Casa de Cultura segue em recuperação

A agenda do Governo do Estado em Macau também inclui a recuperação da Casa de Cultura Popular Palácio do Salineiro, embora a obra não tenha integrado a visita da governadora nesta sexta-feira.

O equipamento cultural, inaugurado em 2004, deixou de funcionar depois de ser invadido e depredado em 2010. Desde então, permaneceu sem cumprir sua função cultural.

A recuperação foi retomada em 1º de julho de 2026, depois de uma paralisação por falta de dotação orçamentária. O projeto prevê investimento total de R$ 949.760,49, dividido em duas etapas, com previsão de conclusão até 30 de novembro deste ano.

Até o momento, cerca de R$ 50 mil foram executados, aproximadamente 5% do valor previsto.

A retomada da obra ocorreu após uma mobilização da classe artística de Macau, que procurou o Governo do Estado em 2025 para reivindicar a recuperação do espaço.

O Palácio do Salineiro integra uma política mais ampla de recuperação da Rede de Casas de Cultura Popular. Nesta semana, o Governo do Estado iniciou o processo licitatório para a restauração de um primeiro lote de equipamentos. Ao todo, 14 das 29 casas da rede deverão ser recuperadas pelo projeto “Resgatando a História”, com investimento anunciado de R$ 14,8 milhões.

664 quilômetros na segunda etapa

As duas obras entregues em Macau integram a segunda etapa do Programa de Recuperação de Rodovias Estaduais, que prevê serviços em 664,2 quilômetros da malha rodoviária potiguar, com investimentos superiores a R$ 650 milhões, segundo o Governo do Estado.

Na primeira etapa, foram recuperados cerca de 800 quilômetros de estradas. Somadas outras intervenções realizadas desde 2019, o governo contabiliza aproximadamente 1.400 quilômetros de rodovias recuperadas.

Em Macau, Fátima apresentou as duas entregas como parte de uma política que busca recuperar ligações importantes para a população e para a economia regional.

“Eu fico muito feliz porque eu vim aqui na estrada, exatamente lembrando, por exemplo, foi o nosso governo que entregou a estrada de Guamaré. Aquilo era um sonho também, ele tem tudo a ver aqui, com toda a região.

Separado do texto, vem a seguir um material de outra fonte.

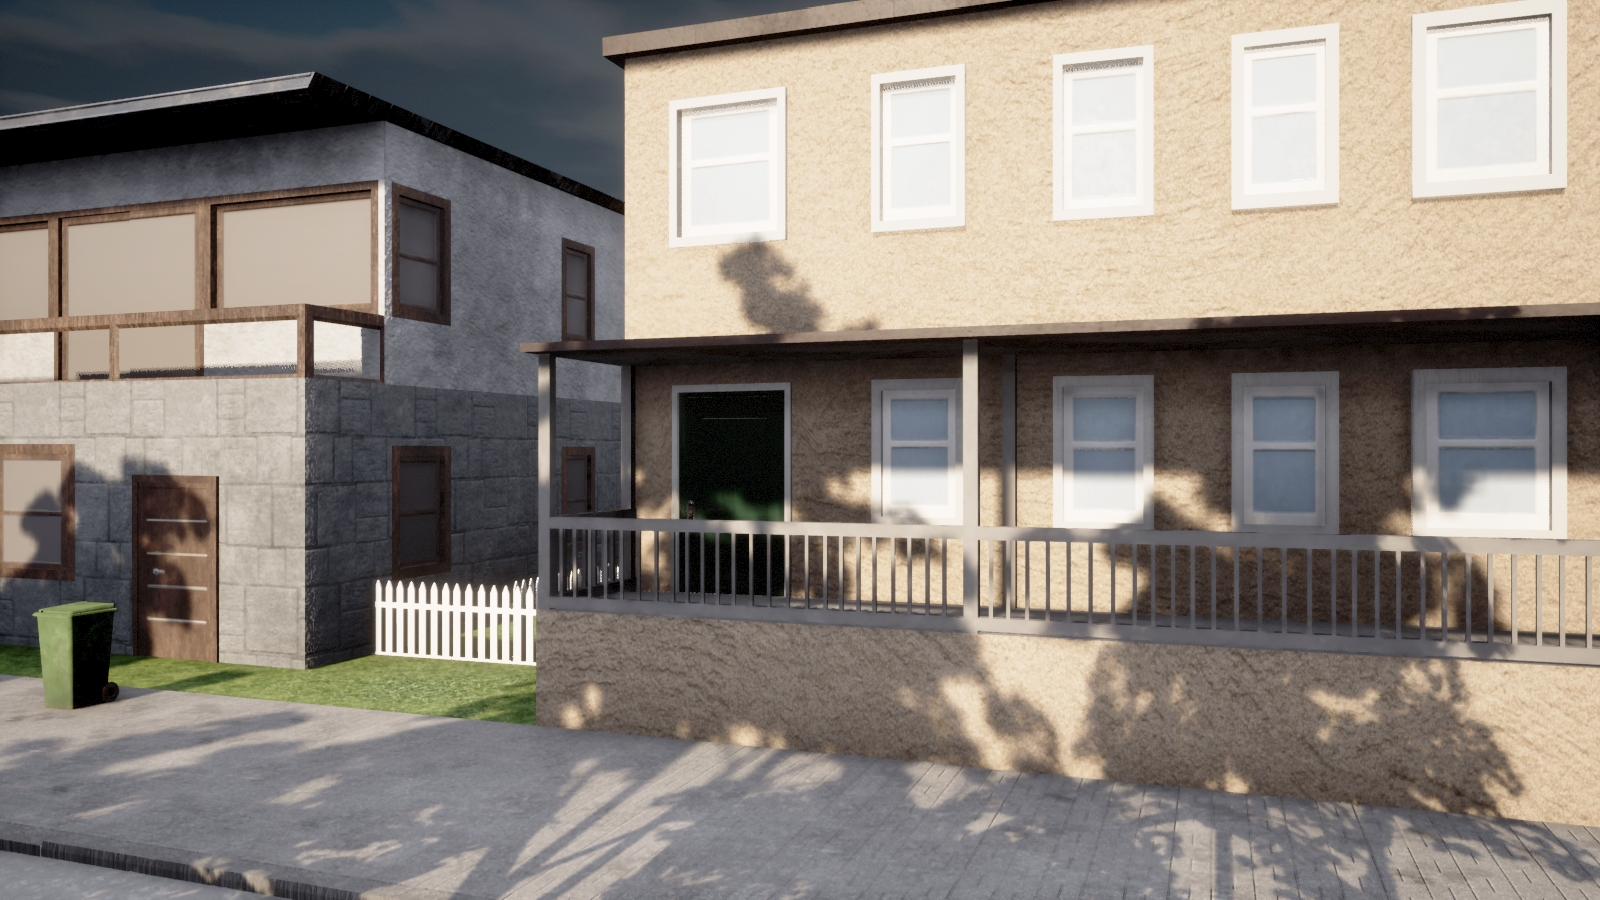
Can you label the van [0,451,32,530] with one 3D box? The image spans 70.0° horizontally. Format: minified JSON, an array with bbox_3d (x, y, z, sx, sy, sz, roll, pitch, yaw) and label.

Nós fizemos também o acesso a Diogo Lopes, e agora estamos exatamente entregando esses R$ 23 milhões aplicados aqui para trazer respeito, para trazer bem-estar.”

Para a governadora, a recuperação dos acessos representa também uma forma de movimentar a economia de Macau e de toda a região.

“É para trazer bem-estar, é para trazer segurança viária para as pessoas e, ao mesmo tempo, evidentemente, cumprir com o seu papel, que é fomentar, que é movimentar a economia, que é promover o desenvolvimento cada vez mais.”

Em uma cidade marcada pela produção de sal, pelo movimento de cargas, pelo turismo e pela relação com o litoral, as duas estradas entregues nesta sexta-feira cumprem funções diferentes, mas se encontram em um mesmo ponto: são caminhos fundamentais para a vida econômica e cotidiana de Macau.